不動産鑑定士の給与・年収は?初任給や支給されるボーナスはどれくらい?

不動産鑑定士の給与・年収は?初任給や支給されるボーナスはどれくらい?

収入ランキングの上位にランクアップされているとはいえ、実はその収入において大きな差が生じています。今回はこの記事の中で、不動産鑑定士の給料・年収とともに給料アップに関わる要因について詳しくご紹介いたします。

不動産鑑定士の初任給

不動産鑑定士の初任給は平均25~29万円

不動産鑑定士となった場合、初任給は平均25~29万円といわれています。実際には、就業場所、部署、性別、年齢などによってかなり異なり、大きな差があるのが現状です。

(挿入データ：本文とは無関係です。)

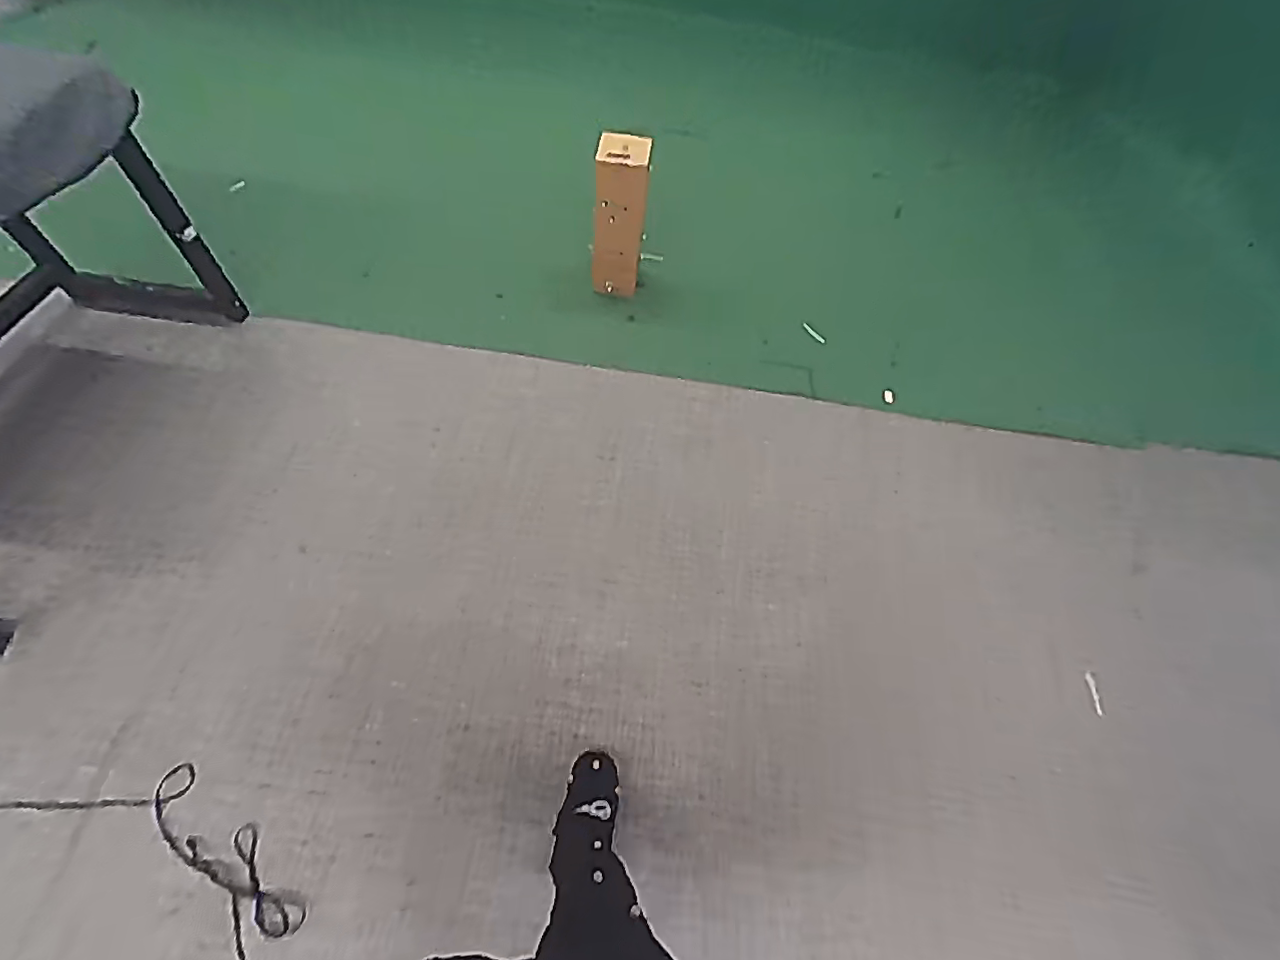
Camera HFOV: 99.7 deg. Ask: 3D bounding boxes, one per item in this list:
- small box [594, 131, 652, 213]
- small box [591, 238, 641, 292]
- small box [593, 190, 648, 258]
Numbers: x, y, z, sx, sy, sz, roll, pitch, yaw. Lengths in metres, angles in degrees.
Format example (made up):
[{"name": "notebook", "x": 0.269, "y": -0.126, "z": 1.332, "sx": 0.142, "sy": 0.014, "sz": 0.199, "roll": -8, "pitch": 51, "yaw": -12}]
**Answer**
[{"name": "small box", "x": -0.056, "y": -1.008, "z": 1.776, "sx": 0.168, "sy": 0.176, "sz": 0.179, "roll": 8, "pitch": 57, "yaw": -1}, {"name": "small box", "x": -0.089, "y": -0.842, "z": 2.035, "sx": 0.168, "sy": 0.176, "sz": 0.179, "roll": 9, "pitch": 58, "yaw": 2}, {"name": "small box", "x": -0.072, "y": -0.919, "z": 1.914, "sx": 0.168, "sy": 0.176, "sz": 0.179, "roll": 9, "pitch": 57, "yaw": 0}]

不動産鑑定士登録までの2~3年は初任給よりも5万円ほど低め

不動産鑑定士として登録されるためには、実務経験を最低でも1年間は積んだ後、さらに実務修習を受ける必要があります。それで、不動産鑑定士として登録するまでの給与は、不動産鑑定士の初任給よりも5万円ほど低めと言われています。

ですから、しばらくは低めの収入のまま不動産鑑定士補佐として多くを学び、経験を積むことになります。

不動産鑑定士の平均給与の統計

不動産鑑定士の平均給与は45~50万円

厚生労働省の「賃金構造基本統計調査」のデータからの独自算出されたデータによると、各年度で差がありますが平均給与は45~50万円になります。

年齢別で見る給与の分布

年齢別平均給与では、20代で20~30万円台、30代で30~40万円台、40代で40~50万円台、50代で50~60万円台になります。60代以降は40万円台と下降していきますが、データでは90代まで現役で業務に携わっています。

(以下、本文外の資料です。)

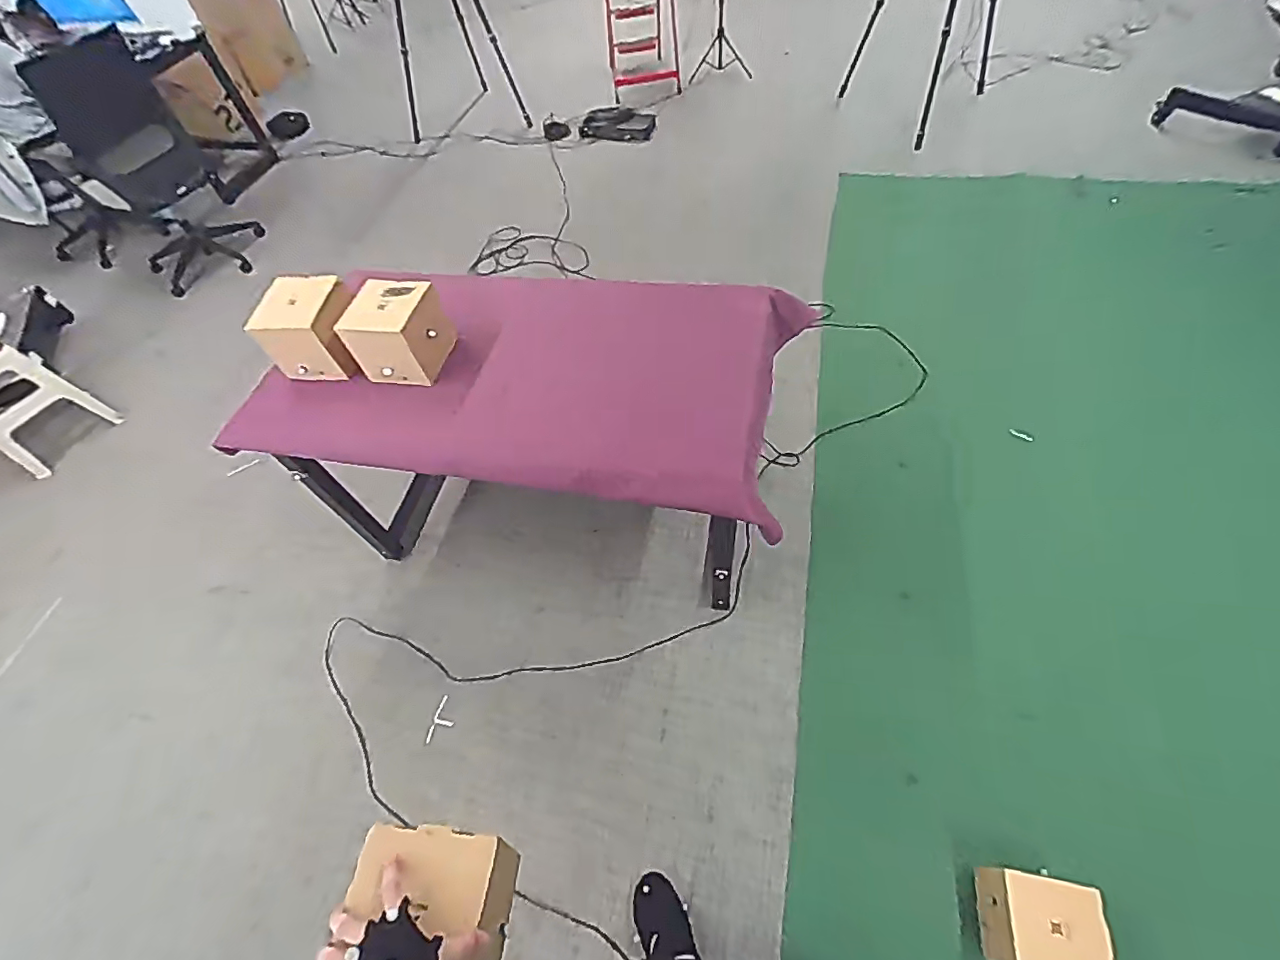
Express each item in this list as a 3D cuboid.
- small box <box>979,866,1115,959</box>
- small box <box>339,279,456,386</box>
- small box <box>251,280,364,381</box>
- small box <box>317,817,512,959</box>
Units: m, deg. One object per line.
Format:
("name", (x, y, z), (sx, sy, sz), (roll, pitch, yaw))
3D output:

一般的な平均月給が、20代で20万円台、30代以降で徐々に30~40万円台となり、全体的な平均給与は35万円前後ですから、不動産鑑定士の平均給与は高めであることが分かります。

収入は多いものの 現地、役所などに実際に赴いて調査を行うため、業務はデスクワークよりフィールドワークが中心です。そのため、移動が多く体力勝負な所もありハードと感じる人もいますし、色々な場所に行けるので楽しんで業務が行えていると感じている人もいます。

不動産鑑定士の年収統計

不動産鑑定士の年収は年収600~800万円台

不動産鑑定士としての実務修習中は、平均年収が300万円前後と言われています。

また、厚生労働省の「賃金構造基本統計調査」によると、平成29年度の不動産鑑定士の平均年収は約817万円(49.8歳)、平成28年度は、平均年収692万円(46.6歳)でした。年代別の平均年収では、50代前半が最もピークで900万円台、60代以降は600~700万円台と下降傾向になります。

各年度の集計データから、年度や年齢により大きく変動があるということがわかりますが、平成29年度サラリーマン平均年収400万円台とありましたから、変動があるとはいえ高い年収が期待できます。

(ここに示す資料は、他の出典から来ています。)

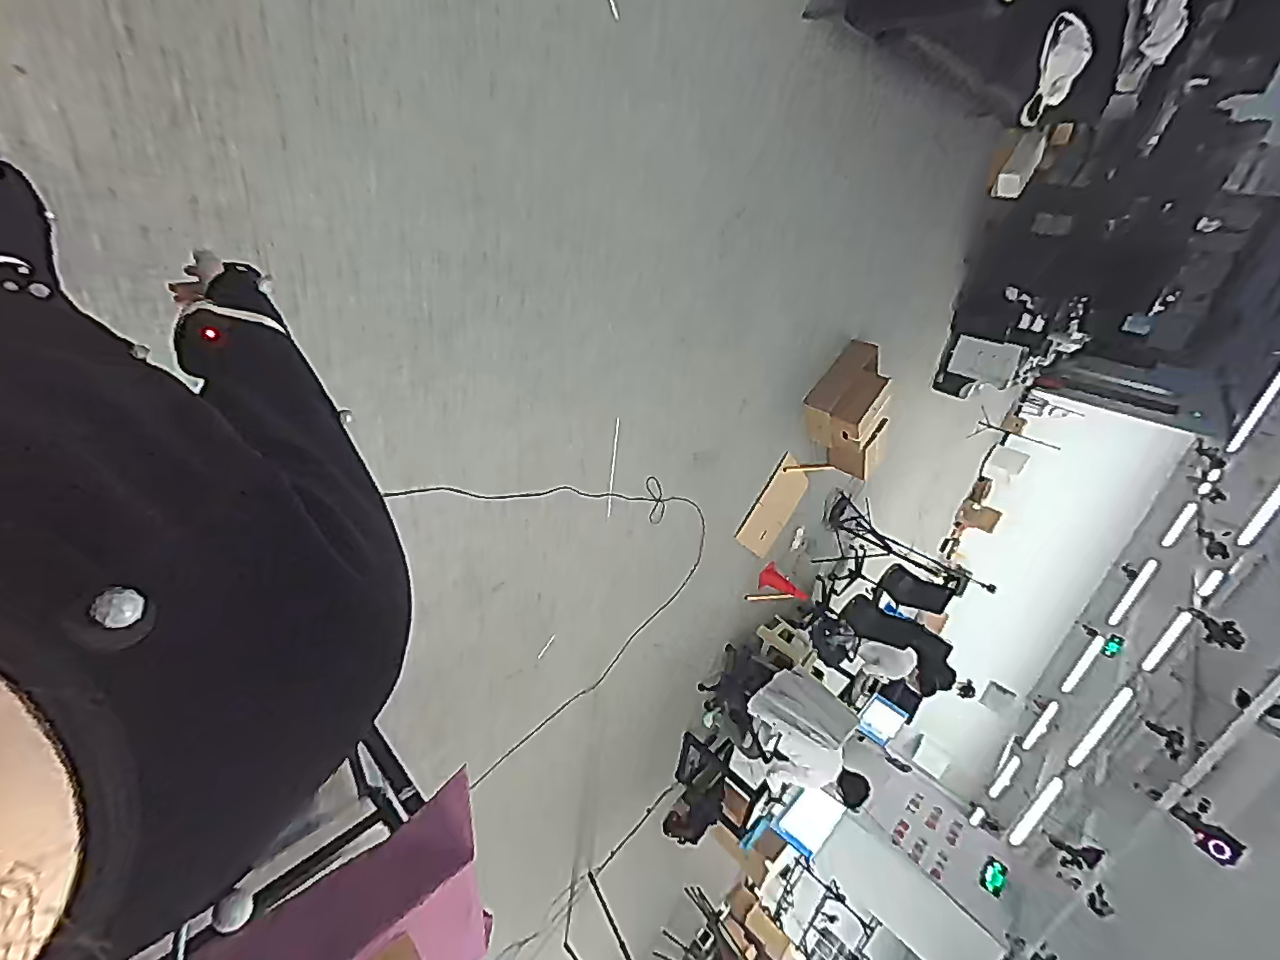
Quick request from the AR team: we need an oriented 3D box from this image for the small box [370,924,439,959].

男性と女性では圧倒的に男性が多く女性鑑定士のデータが極端に少ないため、収入の格差が見られます。平成29年度では、男性の平均年収が800万円台であるのに対して女性は、200万円台でした。データでは、20代の女性のみでしたから正確には分かりませんが、結婚、出産を機に辞めてしまうことも要因の一つという意見があります。

都道府県で見る平均年収」の分布

平均年収と「国税局都道府県別年収」との比率算出で見ると、東京が最も高く1100万円、次に主要都市が900万円です。全国的には700~800万円、青森、秋田、佐賀、宮崎、沖縄600万となっています。

不動産鑑定士の1/3は東京都に集中しているということですから、東京都の平均年収が最も高くなってしまうというわけです。

年収に差が出てしまう要因

就職先と部門

不動産鑑定士の主な就職先として「不動産系」、「金融系」、「その他」があります。

「不動産系」は、不動産鑑定事務所、一般不動産会社、不動産コンサルティング会社(不動産の資産運用のアドバイザー)、建設会社などがあります。大手不動産会社には、「鑑定部門」があるため鑑定評価業務で良い収入が見込めるといいます。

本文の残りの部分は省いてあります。